El sexo de los libros

Fuck me, Jimmy Bond!

Eligieron a Sean Connery para encarnar la inmortalidad del último héroe antes del ocaso de los buenos tiempos.

Fumaba, bebía, copulaba como Dios y era un cerdo machista, pero en la justa medida en que, para la inmensa mayoría de las mujeres de los años 60, un tío en condiciones tenía que ser un arquetipo de pura masculinidad y no un colaborador que comparte tareas domésticas, coge la plancha, el estropajo, el Mistol y, encima, hace los cuartos de baño.

Era el genuino y verídico 007, creado por Ian Fleming en 1953 para desbaratar los planes de SMERSH (en ruso: Smert' Shpionam; es decir, ‘Muerte a los Espías’) que lleva entre manos el implacable Le Chiffre en Casino Royale, primera novela de la serie James Bond.

La vida entonces tenía verdadero glamour y otra esencia de pata negra en el amor y en la muerte. Todo era muchísimo más excitante: la política, la Guerra Fría, el arte, la literatura, las fiestas psicodélicas, las cafeterías de los aeropuertos, la prostitución de lujo, la canción protesta, el pop en todas sus múltiples facetas, el levantamiento del muro de Berlín, el oscuro final de Marilyn Monroe, la amenaza nuclear, el pacifismo, la crisis de los misiles en Cuba, la Revolución Cultural de Mao, Vietnam, The Summer of Love, el adiós al Che Guevara, el hombre en la Luna (¿?), el Festival de Woodstock, el cine de la nouvelle vague francesa, etc.

Eligieron a Sean Connery para encarnar la inmortalidad del último héroe antes del ocaso de los buenos tiempos.
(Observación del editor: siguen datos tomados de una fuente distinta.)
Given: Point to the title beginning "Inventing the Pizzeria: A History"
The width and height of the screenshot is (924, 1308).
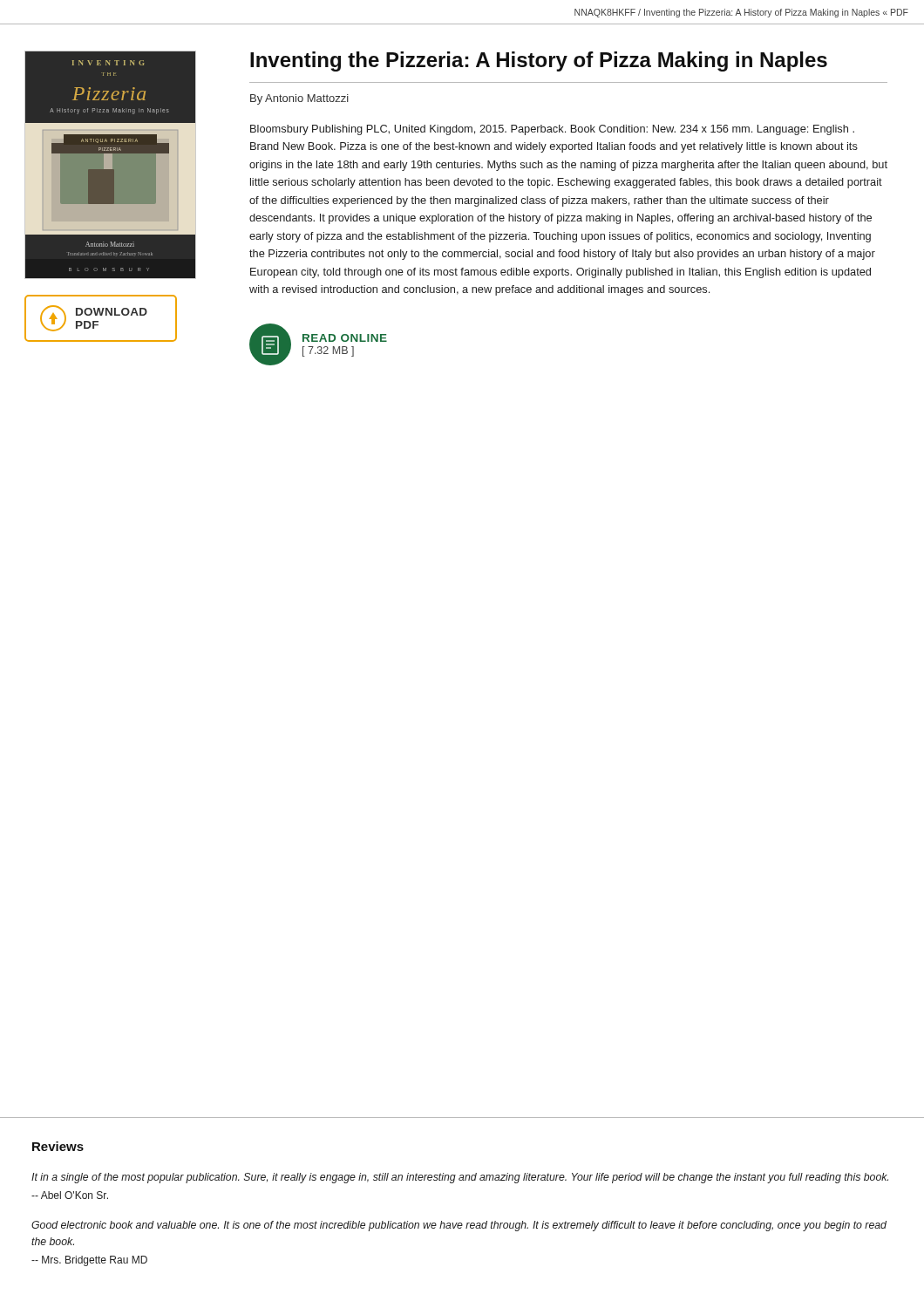Looking at the screenshot, I should pos(539,60).

Todavía tenía sentido hablar de la vie en rose y París seguía siendo una orgía incesante que acababa siempre en una mesa del Café de la Paix, y Londres y Nueva York también eran ciudades orgiásticas, o San Francisco de California, mientras Katmandú, con su incomparable atmósfera de misticismo, se erigía en centro de peregrinación del movimiento hippy.

El llamado “mundo libre”, enfrentado mortalmente al llamado “socialismo real”, dependía de una Beretta automática de calibre 25 y empuñadura desnuda que Bond llevaba, en una liviana pistolera de piel de gamuza, colgada a unos ocho centímetros por debajo de su axila. Marie Laforet cantaba Manchester et Liverpool.

En territorio británico, algunos brillantes alumnos egresados de Oxford y Cambridge, que empezaban una prometedora carrera en el Foreign Office, aún cedían a la tentación de mirarse en el espejo de Kim Philby, el tercer hombre.

La épica cinematográfica de 007 nace y muere con Sean Connery. Lo que viene después —George Lazenby, Roger Moore, Timothy Dalton— no tiene nada que ver con lo anterior, hasta llegar a la fase de disolución representada por un Bond postmoderno y políticamente correcto. No podía ser lo mismo un superagente mal deconstruido y reelaborado a la baja.  Ni siquiera contando con el buen actor que es Pierce Brosnam, a quien el adulterado personaje se le quedaba corto y fláccido. Respecto a Daniel Craig, sinceramente, no sé qué decir, y ello porque tal vez, y a estas alturas, no haya nada que decir de la sombra innecesaria de un James Bond al día de hoy imposible.